To the Editor:
We, as the authors of the study described in your Nov. 18 story on internal risk ratings, would like to correct an important misimpression regarding the conclusions of the study.
Our study ("Credit Risk Ratings at Large U.S. Banks") was undertaken to enhance understanding of current practice and encourage further enhancement of bank capabilities in this important area of credit risk management.
In contrast to the impression left by the story and its headline ("Fed Study: Bank Risk Models Too Weak for Setting Capital"), the study dealt with capital standards only briefly, in a section near the end of the article dealing with potential use of ratings by regulators, analysts, and rating agencies.
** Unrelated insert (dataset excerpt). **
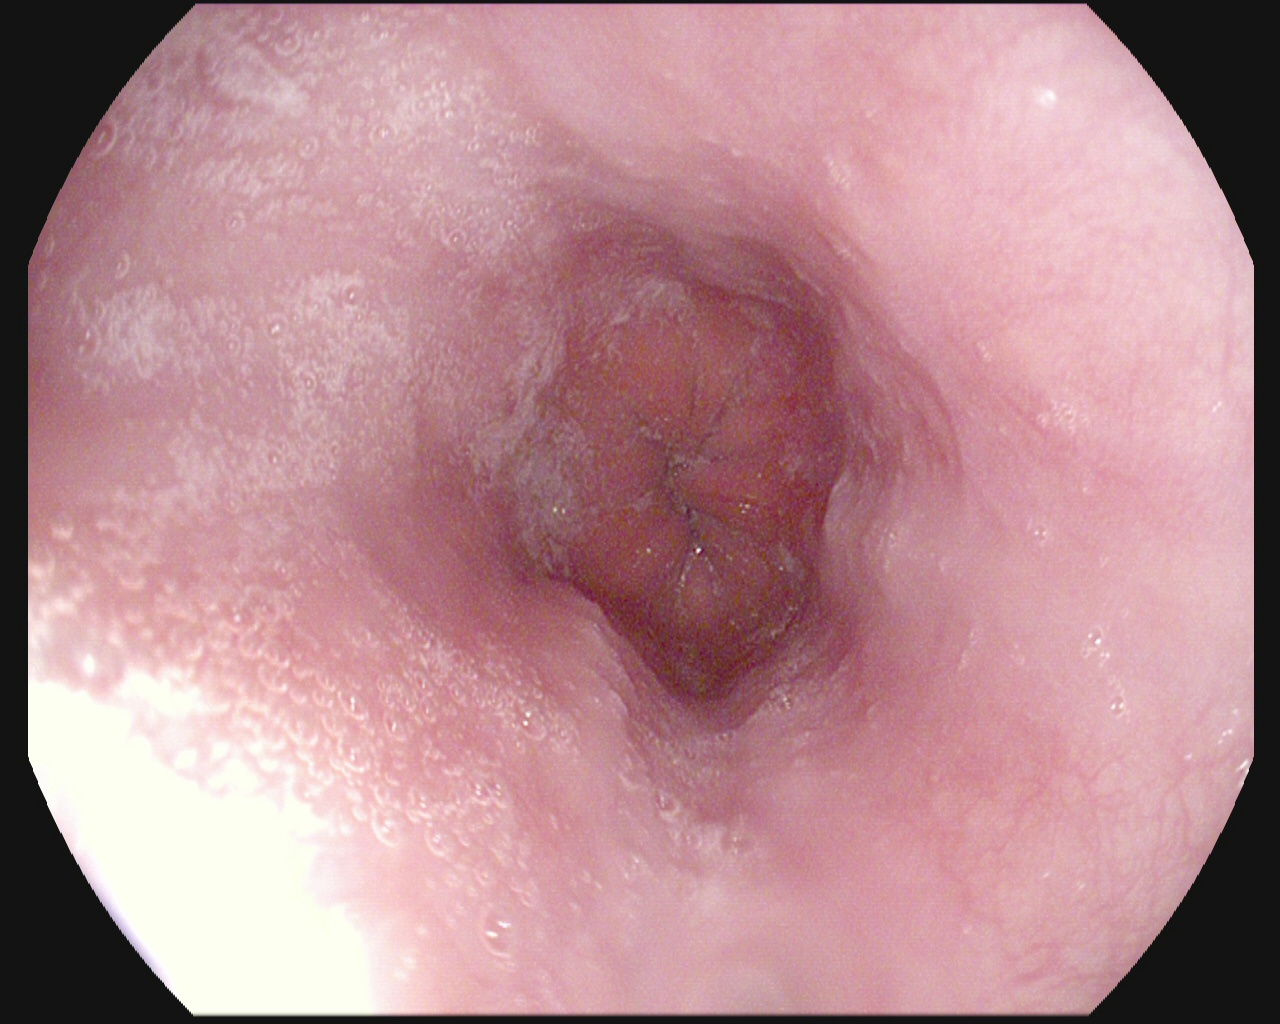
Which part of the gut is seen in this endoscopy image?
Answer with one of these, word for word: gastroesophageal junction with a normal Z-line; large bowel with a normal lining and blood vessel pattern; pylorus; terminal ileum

gastroesophageal junction with a normal Z-line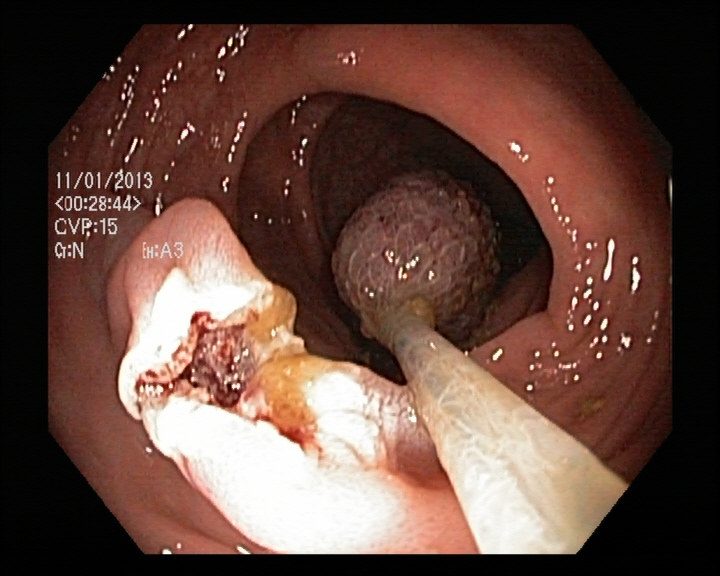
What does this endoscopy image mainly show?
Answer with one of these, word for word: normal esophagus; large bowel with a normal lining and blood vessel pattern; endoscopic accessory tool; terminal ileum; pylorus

Our conclusion on this point (as was correctly but belatedly cited in the middle of your story) was that use of ratings for regulatory capital purposes is indeed feasible, although enhancements to both bank and supervisory practices would be needed.
We were particularly concerned with the article's assertion that our work suggests that internal ratings "cannot be used to determine capital needs." While we appreciate your paper's attention to the study and the important subject of risk management, we urge careful interpretation of such work.
We would encourage readers with any lingering confusion or further curiosity to review the study itself (available at www.federalreserve.gov and in the current Federal Reserve Bulletin).
William F. Treacy
Mark S. Carey
Mr. Treacy is a supervisory financial analyst in the Fed's division of banking supervision and regulation. Mr. Carey is an economist with the division of research and statistics.